For recent data in Jacksonville, Florida, on y = selling price of home (in dollars), x1 = size of home (in square feet), and x2 = lot size (in square feet), the prediction equation is ŷ = −10,536 + 53.8x1 + 2.84x2.
## x1 = size of home in sq ft
## x2 = lot size in sq ft
options(scipen = 100)
hw1_int <- -10536
hw1_x1 <- 53.8
hw1_x2 <- 2.84
hw1a <- hw1_int + (hw1_x1 * 1240) + (hw1_x2 * 18000)
hw1a_resid <- 145000 - hw1a
t1 <- c(1240, 1241, 1242)
t2 <- c(hw1_int + (hw1_x1 * t1) + (hw1_x2 * 18000))
t12 <- data.frame(t1, t2)
table_t12 <- knitr::kable(t12)
The predicted selling price for this home is $107296 and the residual is $37704. In this case, the house was able to be sold for over $37,000 more than its predicted price
| t1 | t2 |
|---|---|
| 1240 | 107296.0 |
| 1241 | 107349.8 |
| 1242 | 107403.6 |
Using some the same parameters from the question above, where lot size is set at 18000 sq ft, and increasing the square footage by 1 from 1240, the increase in selling price is $53.80 (which is the value for x1)
53.8 / 2.84 ≈ 19.84 sq/ft
(Data file: salary in alr4 R package). The data file concerns salary and other characteristics of all faculty in a small Midwestern college collected in the early 1980s for presentation in legal proceedings for which discrimination against women in salary was at issue. All persons in the data hold tenured or tenure track positions; temporary faculty are not included. The variables include degree, a factor with levels PhD and MS; rank, a factor with levels Asst, Assoc, and Prof; sex, a factor with levels Male and Female; Year, years in current rank; ysdeg, years since highest degree, and salary, academic year salary in dollars.
library(alr4)
library(dplyr)
hw2 <- salary
#Gender Salary Tests
hw2_male_salary <- subset(hw2, hw2$sex == "Male", select = (c("salary")))

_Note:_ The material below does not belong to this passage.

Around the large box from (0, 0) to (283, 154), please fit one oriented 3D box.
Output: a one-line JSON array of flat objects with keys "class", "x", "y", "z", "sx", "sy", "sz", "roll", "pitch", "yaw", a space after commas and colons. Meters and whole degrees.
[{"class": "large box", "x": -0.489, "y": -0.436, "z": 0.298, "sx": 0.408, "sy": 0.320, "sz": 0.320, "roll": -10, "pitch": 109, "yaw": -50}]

hw2_female_salary <- subset(hw2, hw2$sex == "Female", select = (c("salary")))
hw2_saltest <- t.test(hw2_male_salary , hw2_female_salary)
#Multiple LM
hw2_lm <- lm(salary ~ degree + rank + sex + year + ysdeg, data = hw2)
#Gender Confidence Interval
hw2_sex_ci <- confint(hw2_lm, 'sexFemale', level = 0.95)

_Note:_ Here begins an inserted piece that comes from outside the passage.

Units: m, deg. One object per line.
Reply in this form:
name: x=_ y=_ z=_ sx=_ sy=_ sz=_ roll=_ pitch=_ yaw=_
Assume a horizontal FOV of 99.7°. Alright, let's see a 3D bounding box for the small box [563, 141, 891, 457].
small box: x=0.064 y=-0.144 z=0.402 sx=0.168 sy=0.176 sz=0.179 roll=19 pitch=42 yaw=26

c11 <- round(hw2_sex_ci[1], 4)
c12 <- round(hw2_sex_ci[2], 4)
#Coefficients Summary
hw2_lm_summary <- summary(hw2_lm)
#Level Change for Rank
hw2$rank <- relevel(hw2$rank, ref = "Assoc")
hw2_lm <- lm(salary ~ degree + rank + sex + year + ysdeg, data = hw2)
hw2_lm_summary <- summary(hw2_lm)
# Regression Without Rank
hw2_lm2 <- lm(salary ~ degree + + sex + year + ysdeg, data = hw2)
hw2_lm2_summary <- summary(hw2_lm2)
# Variable for employees tenured 15 years or less
hw2$rank <- relevel(hw2$rank, ref = "Asst")
hw2$ysdeg15 <- ifelse(hw2$ysdeg <= 15, 1, 0)
hw2_lm3 <- lm(salary ~ degree + sex + rank + ysdeg15, data = hw2)
hw2_lm3_summary <- summary(hw2_lm3)
Ho : The mean salaries between men and women equal each other
Ha : The mean salaries between men and women are not the same
Going only on the basis of gender, I conducted a T-Test using the salaries of the male and female employees. With a T statistic of 1.774438 on 21.591032 degrees of freedom, the p-value is 0.0900941, which does not allow me to reject the null hypothesis that the mean salaries between men and women are equal.
The confidence Interval for the difference in salary between males and females is as follows (-697.8183 , 3030.5645 )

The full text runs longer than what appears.